Che un posto così, con le costruzioni (e che costruzioni!) a incombere sopra una derelitta striscia di sabbia, sia potuto divenire, come è divenuto, un luogo meritevole di visite ammirate da parte di frotte di italiani e di italiane (e di qualche forestiere) dice, come significativo dettaglio, di uno sviluppo dello statuto morale della nazione, nell'ultimo quarto di secolo. E lo fa molto meglio di un saggio di storia della cultura o di sociologia.
Per metonimia, dice forse anche della qualità dei fenomeni di cultura di massa che hanno innescato, fomentato, ingigantito tale ammirazione.
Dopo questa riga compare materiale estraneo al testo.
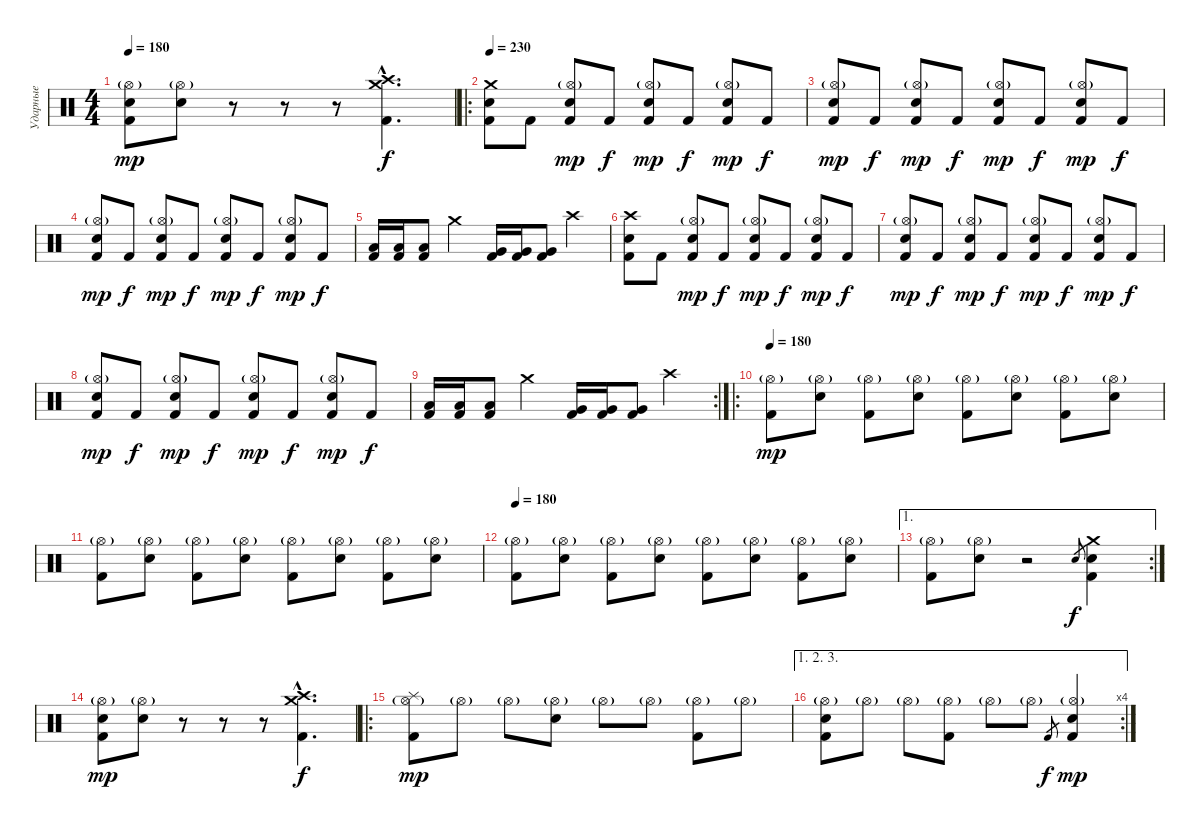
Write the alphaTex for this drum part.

\track ("Ударные" "Ударные") {instrument percussion}
\staff {score}
\articulation defaults
\ts (4 4)
\tempo 180
\clef neutral
\ks c
("Electric Snare (hit)" "Hi-Hat (open)"{g} "Kick (hit) 2").8{dy mp} ("Electric Snare (hit)" "Hi-Hat (open)"{g}).8 r.8 r.8 r.8 ("Crash high (hit)"{hac} "Crash medium (hit)"{hac} "Kick (hit) 2"{hac}).4{d dy f} |
\ro
\tempo 230
("Electric Snare (hit)" "Crash medium (hit)" "Kick (hit) 2").8 "Kick (hit) 2".8 ("Electric Snare (hit)" "Hi-Hat (open)"{g} "Kick (hit) 2").8{dy mp} "Kick (hit) 2".8{dy f} ("Electric Snare (hit)" "Hi-Hat (open)"{g} "Kick (hit) 2").8{dy mp} "Kick (hit) 2".8{dy f} ("Electric Snare (hit)" "Hi-Hat (open)"{g} "Kick (hit) 2").8{dy mp} "Kick (hit) 2".8{dy f} |
("Electric Snare (hit)" "Hi-Hat (open)"{g} "Kick (hit) 2").8{dy mp} "Kick (hit) 2".8{dy f} ("Electric Snare (hit)" "Hi-Hat (open)"{g} "Kick (hit) 2").8{dy mp} "Kick (hit) 2".8{dy f} ("Electric Snare (hit)" "Hi-Hat (open)"{g} "Kick (hit) 2").8{dy mp} "Kick (hit) 2".8{dy f} ("Electric Snare (hit)" "Hi-Hat (open)"{g} "Kick (hit) 2").8{dy mp} "Kick (hit) 2".8{dy f} |
("Electric Snare (hit)" "Hi-Hat (open)"{g} "Kick (hit) 2").8{dy mp} "Kick (hit) 2".8{dy f} ("Electric Snare (hit)" "Hi-Hat (open)"{g} "Kick (hit) 2").8{dy mp} "Kick (hit) 2".8{dy f} ("Electric Snare (hit)" "Hi-Hat (open)"{g} "Kick (hit) 2").8{dy mp} "Kick (hit) 2".8{dy f} ("Electric Snare (hit)" "Hi-Hat (open)"{g} "Kick (hit) 2").8{dy mp} "Kick (hit) 2".8{dy f} |
("Low Tom (hit)" "Kick (hit) 2").16 ("Low Tom (hit)" "Kick (hit) 2").16 ("Low Tom (hit)" "Kick (hit) 2").8 "Crash medium (hit)".4 ("Very Low Tom (hit)" "Kick (hit) 2").16 ("Very Low Tom (hit)" "Kick (hit) 2").16 ("Very Low Tom (hit)" "Kick (hit) 2").8 "Crash high (hit)".4 |
("Electric Snare (hit)" "Crash high (hit)" "Kick (hit) 2").8 "Kick (hit) 2".8 ("Electric Snare (hit)" "Hi-Hat (open)"{g} "Kick (hit) 2").8{dy mp} "Kick (hit) 2".8{dy f} ("Electric Snare (hit)" "Hi-Hat (open)"{g} "Kick (hit) 2").8{dy mp} "Kick (hit) 2".8{dy f} ("Electric Snare (hit)" "Hi-Hat (open)"{g} "Kick (hit) 2").8{dy mp} "Kick (hit) 2".8{dy f} |
("Electric Snare (hit)" "Hi-Hat (open)"{g} "Kick (hit) 2").8{dy mp} "Kick (hit) 2".8{dy f} ("Electric Snare (hit)" "Hi-Hat (open)"{g} "Kick (hit) 2").8{dy mp} "Kick (hit) 2".8{dy f} ("Electric Snare (hit)" "Hi-Hat (open)"{g} "Kick (hit) 2").8{dy mp} "Kick (hit) 2".8{dy f} ("Electric Snare (hit)" "Hi-Hat (open)"{g} "Kick (hit) 2").8{dy mp} "Kick (hit) 2".8{dy f} |
("Electric Snare (hit)" "Hi-Hat (open)"{g} "Kick (hit) 2").8{dy mp} "Kick (hit) 2".8{dy f} ("Electric Snare (hit)" "Hi-Hat (open)"{g} "Kick (hit) 2").8{dy mp} "Kick (hit) 2".8{dy f} ("Electric Snare (hit)" "Hi-Hat (open)"{g} "Kick (hit) 2").8{dy mp} "Kick (hit) 2".8{dy f} ("Electric Snare (hit)" "Hi-Hat (open)"{g} "Kick (hit) 2").8{dy mp} "Kick (hit) 2".8{dy f} |
\rc 2
("Low Tom (hit)" "Kick (hit) 2").16 ("Low Tom (hit)" "Kick (hit) 2").16 ("Low Tom (hit)" "Kick (hit) 2").8 "Crash medium (hit)".4 ("Very Low Tom (hit)" "Kick (hit) 2").16 ("Very Low Tom (hit)" "Kick (hit) 2").16 ("Very Low Tom (hit)" "Kick (hit) 2").8 "Crash high (hit)".4 |
\ro
\tempo 180
("Hi-Hat (open)"{g} "Kick (hit) 2").8{dy mp} ("Electric Snare (hit)" "Hi-Hat (open)"{g}).8 ("Hi-Hat (open)"{g} "Kick (hit) 2").8 ("Electric Snare (hit)" "Hi-Hat (open)"{g}).8 ("Hi-Hat (open)"{g} "Kick (hit) 2").8 ("Electric Snare (hit)" "Hi-Hat (open)"{g}).8 ("Hi-Hat (open)"{g} "Kick (hit) 2").8 ("Electric Snare (hit)" "Hi-Hat (open)"{g}).8 |
("Hi-Hat (open)"{g} "Kick (hit) 2").8 ("Electric Snare (hit)" "Hi-Hat (open)"{g}).8 ("Hi-Hat (open)"{g} "Kick (hit) 2").8 ("Electric Snare (hit)" "Hi-Hat (open)"{g}).8 ("Hi-Hat (open)"{g} "Kick (hit) 2").8 ("Electric Snare (hit)" "Hi-Hat (open)"{g}).8 ("Hi-Hat (open)"{g} "Kick (hit) 2").8 ("Electric Snare (hit)" "Hi-Hat (open)"{g}).8 |
\tempo 180
("Hi-Hat (open)"{g} "Kick (hit) 2").8 ("Electric Snare (hit)" "Hi-Hat (open)"{g}).8 ("Hi-Hat (open)"{g} "Kick (hit) 2").8 ("Electric Snare (hit)" "Hi-Hat (open)"{g}).8 ("Hi-Hat (open)"{g} "Kick (hit) 2").8 ("Electric Snare (hit)" "Hi-Hat (open)"{g}).8 ("Hi-Hat (open)"{g} "Kick (hit) 2").8 ("Electric Snare (hit)" "Hi-Hat (open)"{g}).8 |
\ae 1
\rc 2
("Hi-Hat (open)"{g} "Kick (hit) 2").8 ("Electric Snare (hit)" "Hi-Hat (open)"{g}).8 r.2 "Electric Snare (hit)".8{gr dy f} ("Crash medium (hit)" "Electric Snare (hit)" "Kick (hit) 2").4 |
("Electric Snare (hit)" "Hi-Hat (open)"{g} "Kick (hit) 2").8{dy mp} ("Electric Snare (hit)" "Hi-Hat (open)"{g}).8 r.8 r.8 r.8 ("Crash high (hit)"{hac} "Crash medium (hit)"{hac} "Kick (hit) 2"{hac}).4{d dy f} |
\ro
("Splash (hit)" "Hi-Hat (open)"{g} "Kick (hit) 2").8{dy mp} "Hi-Hat (open)"{g}.8 "Hi-Hat (open)"{g}.8 ("Electric Snare (hit)" "Hi-Hat (open)"{g}).8 "Hi-Hat (open)"{g}.8 "Hi-Hat (open)"{g}.8 ("Hi-Hat (open)"{g} "Kick (hit) 2").8 "Hi-Hat (open)"{g}.8 |
\ae (1 2 3)
\rc 4
("Electric Snare (hit)" "Hi-Hat (open)"{g} "Kick (hit) 2").8 "Hi-Hat (open)"{g}.8 "Hi-Hat (open)"{g}.8 ("Hi-Hat (open)"{g} "Kick (hit) 2").8 "Hi-Hat (open)"{g}.8 "Hi-Hat (open)"{g}.8 "Kick (hit) 2".8{gr dy f} ("Electric Snare (hit)" "Hi-Hat (open)"{g} "Kick (hit) 2").4{dy mp}

Sullo schermo e sulla carta, si è trattato di ben congegnate e redditizie affabulazioni capaci di suggestionare e di obnubilare viste e coscienze, anche quanto alla loro medesima stoffa.
Ne è stata impedita la percezione di un degrado che salta brutalmente agli occhi, se ci si estranea un momento e si riconquista la pulizia dello sguardo: ecco infatti uno scorcio di un povero angolo siciliano, come innumerevoli altri, violentato.
Armi di distrazione di massa, insomma, chissà se, ab ovo usque ad mala, solo parassiticamente cresciute su quel degrado o sue attive complici: in ogni caso, di esso ben consapevoli. Non resta che attendere in proposito il chiarimento e il giudizio del tempo.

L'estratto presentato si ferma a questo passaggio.